• Problem
Print every entry exactly once more, omitting each picture.

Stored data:
########

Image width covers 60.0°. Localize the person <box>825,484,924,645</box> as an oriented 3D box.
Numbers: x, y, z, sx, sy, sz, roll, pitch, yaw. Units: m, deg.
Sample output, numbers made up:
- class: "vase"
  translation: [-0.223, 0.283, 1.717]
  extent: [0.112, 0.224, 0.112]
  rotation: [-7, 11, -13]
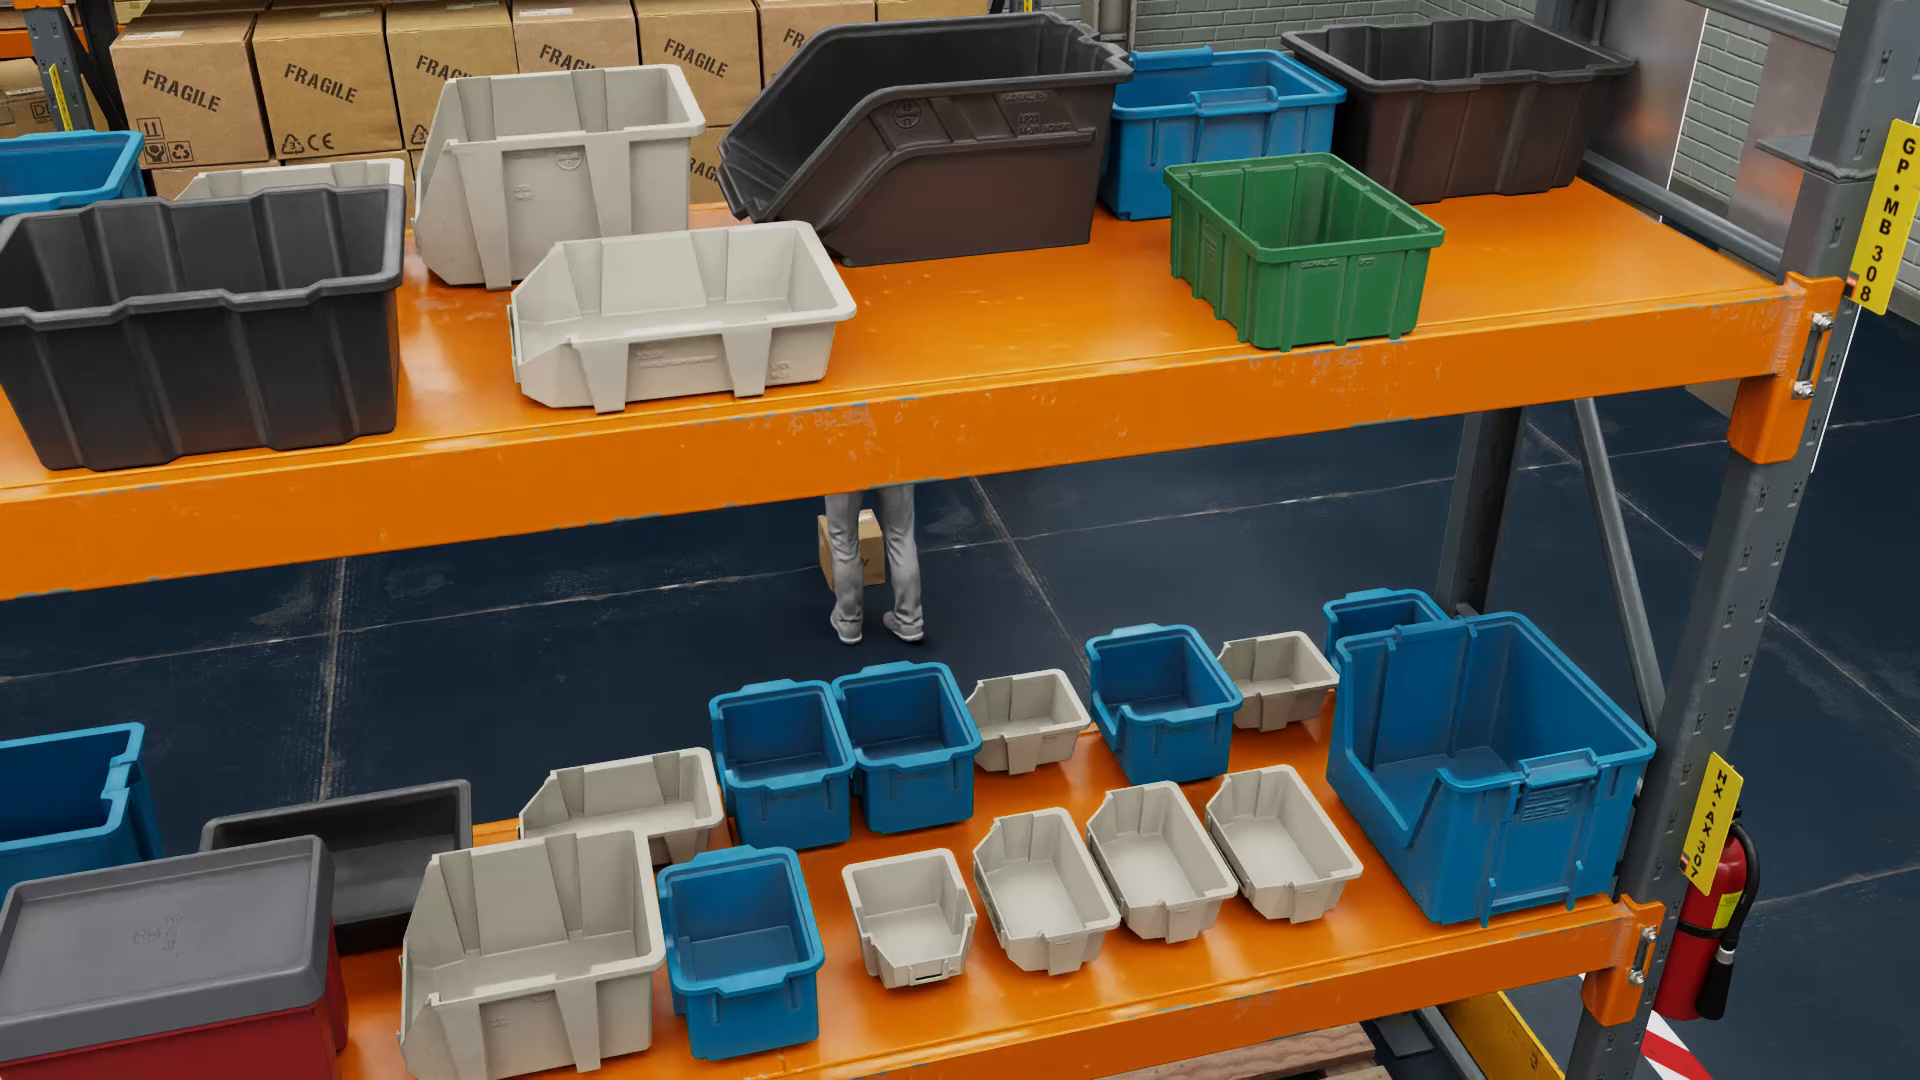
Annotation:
- class: "person"
  translation: [-0.385, -0.328, 6.697]
  extent: [0.469, 1.708, 0.347]
  rotation: [-7, 31, -12]

########

• Written solution
Image width covers 60.0°. Localize the person <box>825,484,924,645</box> as an oriented 3D box.
Numbers: x, y, z, sx, sy, sz, roll, pitch, yaw. Units: m, deg.
Sample output, numbers made up:
- class: "vase"
  translation: [-0.223, 0.283, 1.717]
  extent: [0.112, 0.224, 0.112]
  rotation: [-7, 11, -13]
Annotation:
- class: "person"
  translation: [-0.385, -0.328, 6.697]
  extent: [0.469, 1.708, 0.347]
  rotation: [-7, 31, -12]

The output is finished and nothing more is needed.